I can already hear Mark Latham and fellow
Third-Way Warriors within the ALP darkly
muttering 'green-lefty piffle' in response.
But is that really what this is? Hamilton's
treatise is undeniably green-lefty. That
makes sense, given that today the only
people, policy agendas and dissent events
openly taking on the fundamentals of neo-liberal
incumbents would happily describe themselves
as either green or left, and many as both.
It also follows from Hamilton's strong
professional track record on the economics
of Kyoto and the not inconsiderable political
success of the environmental movement,
locally and globally. Then there's the
hole Bob Brown's Greens have made in the
side of Labor's sadly listing craft. Carr
may have creamed Brogden in the recent
NSW election but the constituency that
called for something different in Newtown,
Port Jackson, Hornsby, Vaucluse, Ballina,
Lismore and of course Cunningham will
not be easily conned, spun or bullied
back into old party lines.
In terms of cold hard numbers, that constituency
undoubtedly remains a small minority in
Australia. Both major parties know it
and will use that fact to their greatest
short-term pragmatic advantage. But these
citizens just might be the forward guard
of Hamilton's political vision of the
post-growth society. It's a very large
and largely appealing vision and, crucially,
one that allocates considerable space
and resources to nurturing hope and justice,
without apology. I for one have sorely
missed that kind of aspirational humanity
in Australian public life in recent years.

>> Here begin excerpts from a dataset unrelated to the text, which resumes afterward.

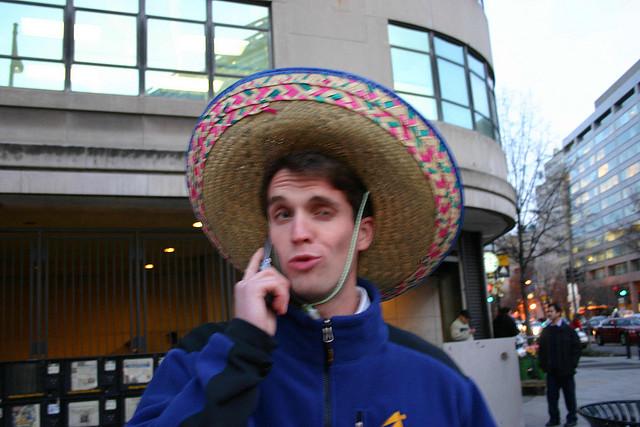In what country is this hat traditionally worn?
Short answer required. Mexico. What type of hat is the man wearing?
Keep it brief. Sombrero. Which hand holds a phone?
Give a very brief answer. Right. 
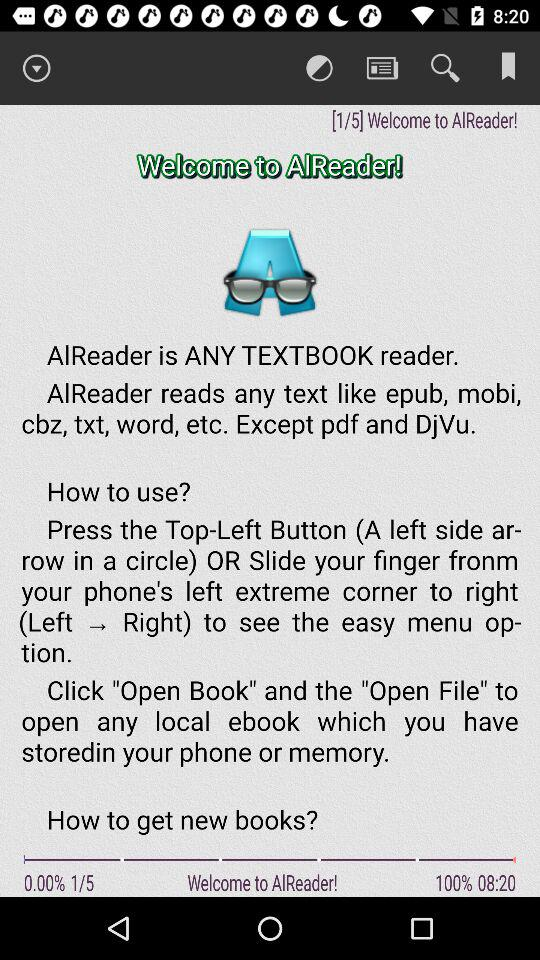What is the count of pages? The count of pages is 5. 
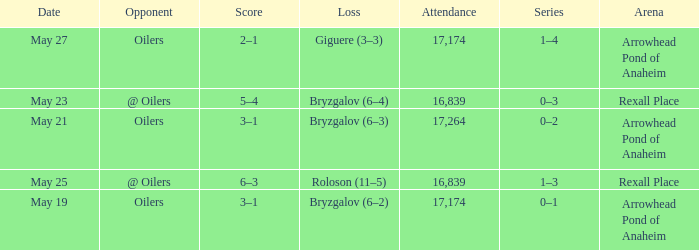Which Arena has an Opponent of @ oilers, and a Date of may 25? Rexall Place. 
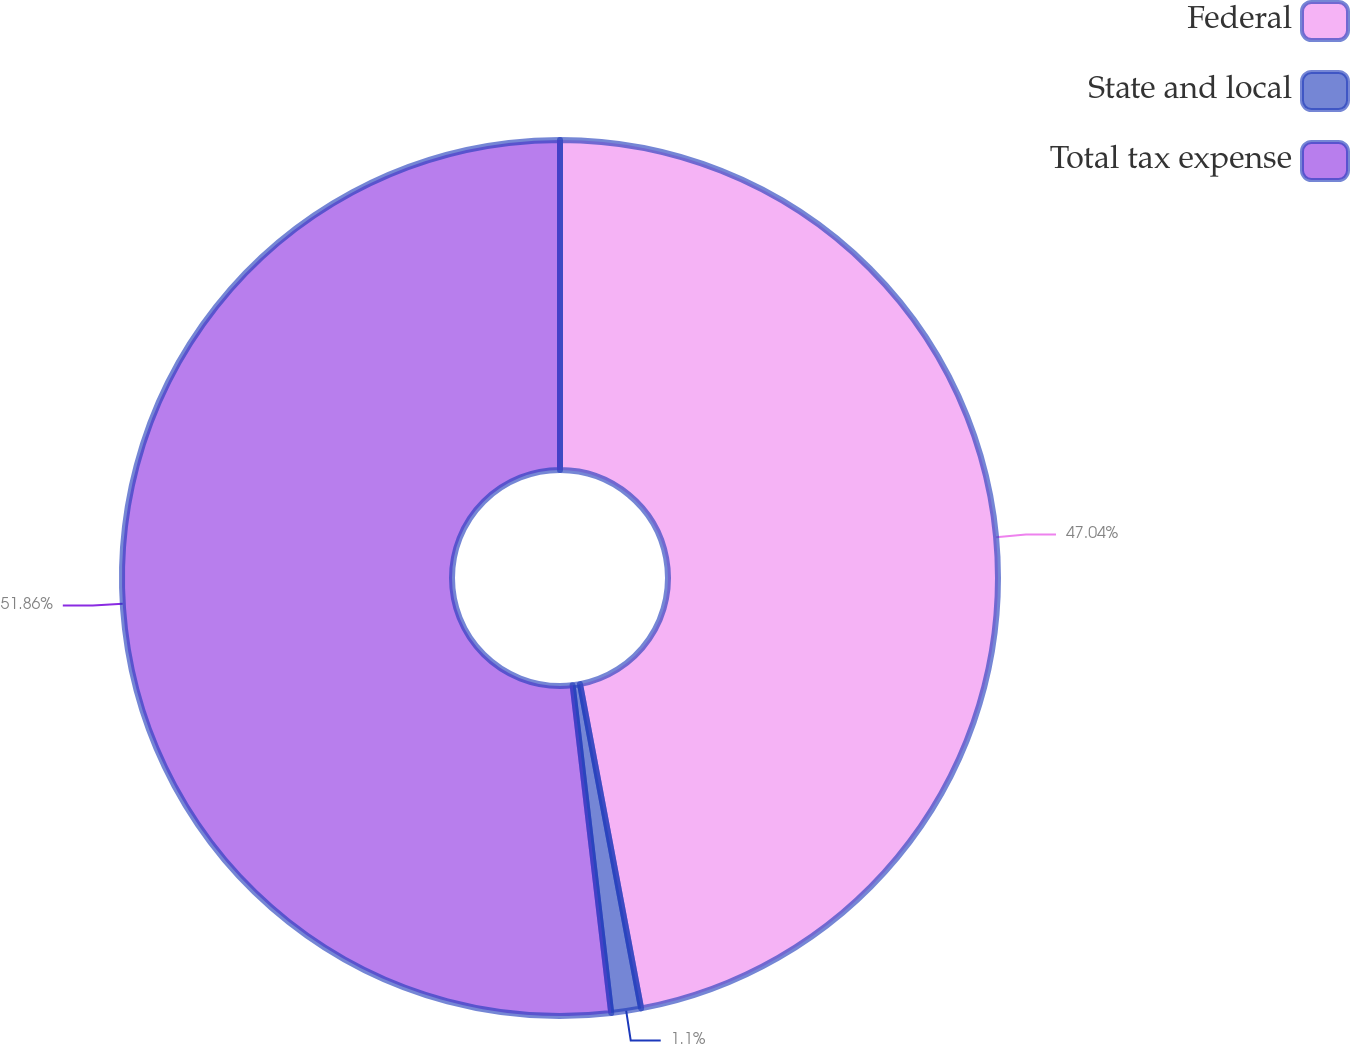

I did find parts of Hamilton's argument
a bit lacking, especially his accounts
of the impact of feminism inside and outside
the private sphere (a bit less Germaine
Greer might have gone a longer way, as
might have a more muscular critique of
marriage) and of the meaning and implications
of the rising incidence of voluntary and
part-time work (what kind of "control"
over working time is really available
to those unsupported by safety nets held
by their parents, partners or the increasingly
shabby welfare state?). I also remain
not entirely convinced that the bulk of
the citizenry is as overwhelmingly comfortably
situated in material terms - as "prisoners
of plenty" - as Hamilton asserts.
And I would like to have seen more breakdown
and analysis of differences between differently
situated "rational economic men",
especially according to geography, income
bracket, gender, age and race, which may
have muddied some of his crystal-clear
waters.
But sometimes the whole is very much
greater than the sum of its parts. Hamilton
is no piffler, and this book is a must-read.